C ADVANCED TECHNOLOGY (CAT) · I. Sample Contract ... Centers for Advanced Technology (CAT) ... Enter a new password and click the SAVE button located on the top, ...

Package ‘annotationTools’ - bioconductor.riken.jp fileThe annotation is returned as elements of list ’annotation’. If a single annotation is given for a If a single annotation

Review Free EGASP: the human ENCODE Genome Annotation ...repository.cshl.edu/25307/1/...Genome-Annotation...Automatic genome annotation methods To date, accurate automatic annotation

Committee for Advanced Therapies (CAT) · Committee for Advanced Therapies (CAT) EMA/CAT/143367/2020 Page 6/23 1. Introduction 1.1. Welcome and declarations of interest of members,

Annotation - 碁峰資訊epaper.gotop.com.tw/pdf/A155.pdf · Retention meta-annotation Java annotation annotation class class Java virtual machine annotation class class annotation

Annotation consistency using annotation intersections

Committee for Advanced Therapies (CAT) · Committee for Advanced Therapies (CAT) EMA/CAT/305411/2017 Page 3/24 . 4.1.4. Allogeneic human umbilical cord blood -derived mesenchymal

DRAFT - Version 1/27/2014 - Annotation Studio · Type your annotation into the Annotation Editor. !!!!! 3.5 Tags and privacy options! Below the annotation ﬁeld in the Annotation

CAT Advanced series Circuit Breaker Analyzers & Timers

Advanced English I: The Five People Eddie Meets in Heaven€¦ · · 2016-05-16Advanced English I: Summer Reading Annotation Guide Advanced English I: The Five People Eddie Meets

NCBI’s Genome Annotation: Overview Incremental processing Re-annotation ( batch ) Post-annotation review Case studies NOTE: limiting discussion to annotation.

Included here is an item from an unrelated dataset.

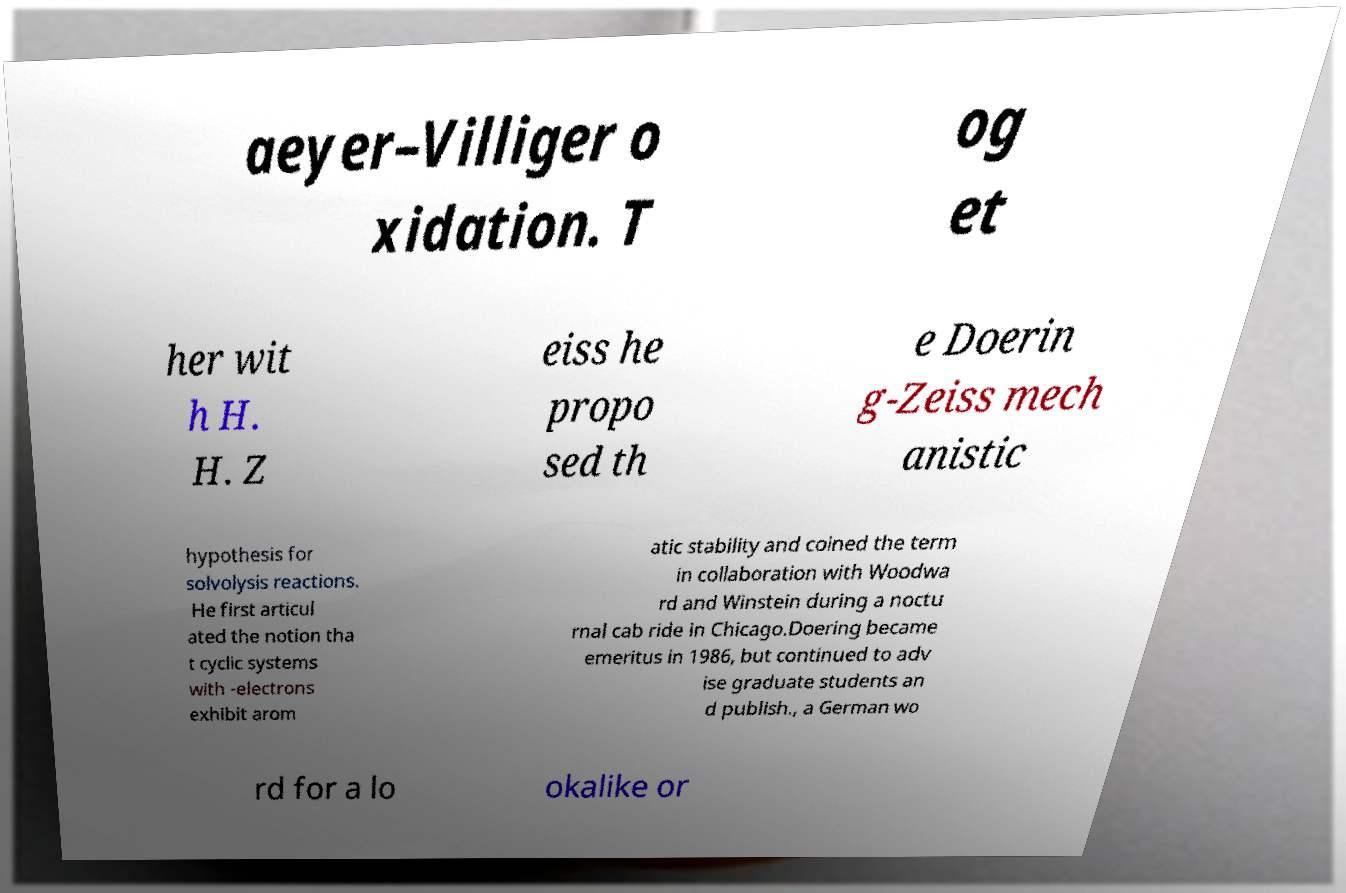For documentation purposes, I need the text within this image transcribed. Could you provide that? aeyer–Villiger o xidation. T og et her wit h H. H. Z eiss he propo sed th e Doerin g-Zeiss mech anistic hypothesis for solvolysis reactions. He first articul ated the notion tha t cyclic systems with -electrons exhibit arom atic stability and coined the term in collaboration with Woodwa rd and Winstein during a noctu rnal cab ride in Chicago.Doering became emeritus in 1986, but continued to adv ise graduate students an d publish., a German wo rd for a lo okalike or

Pathema Burkholderia Annotation Jamboree: Introduction to Annotation Jamboree

Nyan Cat Advanced Piano Sheet Music

Annotation. Traditional genome annotation BLAST Similarities.

Formal Model and Conceptual Architecture of the Annotation ...ferro/papers/2004/PhD2004-F.pdfASI Annotation Service Integrator ASM Annotation Storing Manager ATIM Annotation Textual

Advanced Cat Herding - Newcity · Advanced Cat Herding (Pre-Release v0.4) Introduction You’ve heard it before—“like herding cats” is a favorite simile for getting any group

An annotation dataset facilitates automatic annotation of ... · An annotation . dataset facilitates. automatic annotation of whole-brain activity imaging of . C. elegans. Author.